Alors les saisons passent, les mois s’égrainent, les trêves se font rares car artificielles, comme lorsque la mère propose un soir de réveillon de Noël au mois de février. Mais qu’est-ce qu’un répit dans une vie de souffrance ? Le besoin irrépressible pour une fois de lâcher prise et faire comme tout le monde se fait de plus oppressant autour du champ de ruines que constituent leurs existences.
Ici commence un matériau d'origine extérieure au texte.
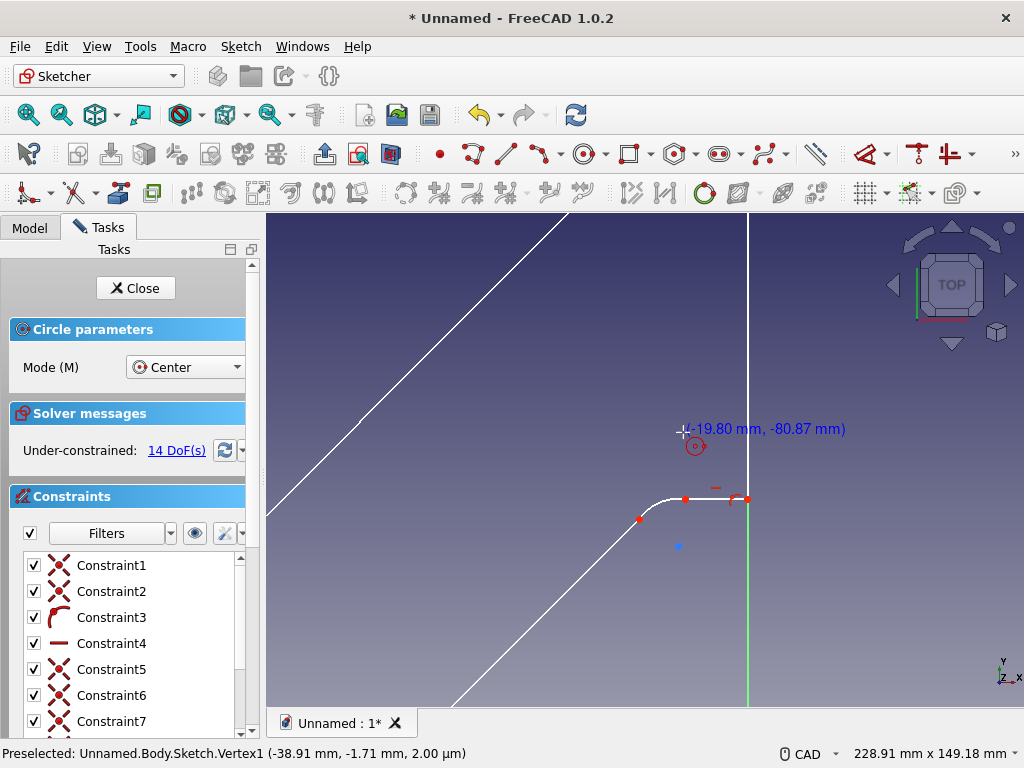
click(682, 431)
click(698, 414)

Et Le ciel est par terre est comme un grand cri d’amour poussé depuis le haut d’une tour. « Bientôt, on n’aura plus de vue » dit l’un des membres au moment où l’échéance de la destruction de l’immeuble d’en face devient imminente. Alors, ne restera qu’un vaste chantier, celui de toute une vie à reconstruire sur des ruines qu’il faudra consolider afin d’en faire une base solide sur laquelle ériger un avenir.